The additional of a square equals the square root of two times the links using 1.4 for the square root of two what is the approximate length in feet from one corner to one opposite corner of a square park that is 700 feet on the side
To find the length from one corner to the opposite corner of a square park, we can use the Pythagorean theorem, which states that in a right triangle, the square of the length of the hypotenuse (the side opposite the right angle) is equal to the sum of the squares of the other two sides.
In this case, the two sides of the right triangle are the length of one side of the square park (700 feet) and the additional square (x) on each side, which is given by the square root of two times the length of one side (1.4 * 700 feet = 980 feet).

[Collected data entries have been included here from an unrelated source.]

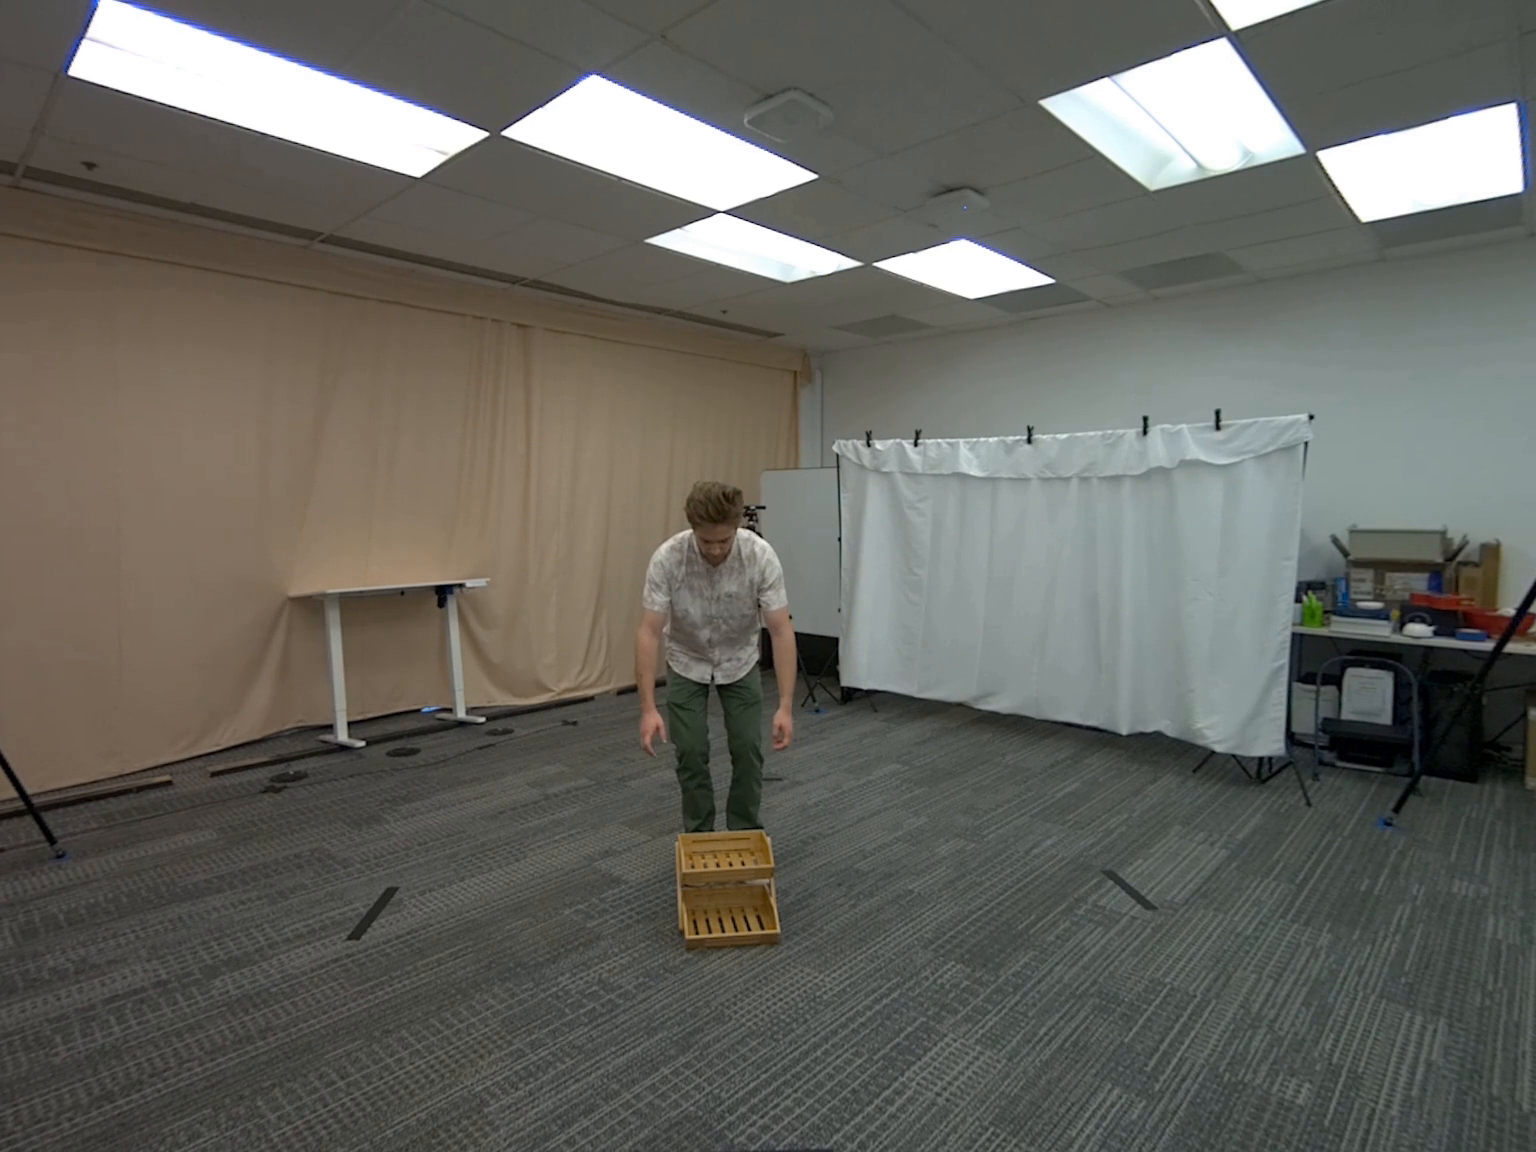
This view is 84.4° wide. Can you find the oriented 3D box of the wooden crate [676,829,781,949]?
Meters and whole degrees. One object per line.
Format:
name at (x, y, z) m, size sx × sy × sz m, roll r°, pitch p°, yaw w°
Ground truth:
wooden crate at (-0.135, 1.027, 2.784) m, size 0.322 × 0.272 × 0.305 m, roll -1°, pitch 4°, yaw -9°

Let's denote the length from one corner to the opposite corner of the square park as 'c'. Then, we have the following equation:
c^2 = (700 feet)^2 + (980 feet)^2
c^2 = 490,000 square feet + 960,400 square feet
c^2 = 1,450,400 square feet
Taking the square root of both sides, we find:
c ≈ √(1,450,400 square feet)
Approximating the square root of 1,450,400 as 1204.98, we get:
c ≈ 1204.98 feet
Therefore, the approximate length from one corner to the opposite corner of the square park is 1204.98 feet.
To find the length from one corner of the square to the opposite corner, we can use the Pythagorean theorem. According to the theorem, the square of the hypotenuse (the longest side of a right triangle) is equal to the sum of the squares of the other two sides.
In this case, we have a square with sides measuring 700 feet. The hypotenuse represents the distance from one corner to the opposite corner. Let's call this length "x."
Using the Pythagorean theorem, we can set up the equation:
x^2 = 700^2 + 700^2
Simplifying the equation:
x^2 = 490,000 + 490,000
x^2 = 980,000
To solve for x, we need to take the square root on both sides of the equation:
x ≈ √980,000
Using the approximate value for the square root of two (1.4), we can approximate the length:
x ≈ 1.4 * √700^2
x ≈ 1.4 * 700
x ≈ 980 feet
Therefore, the approximate length from one corner to the opposite corner of the square park is 980 feet.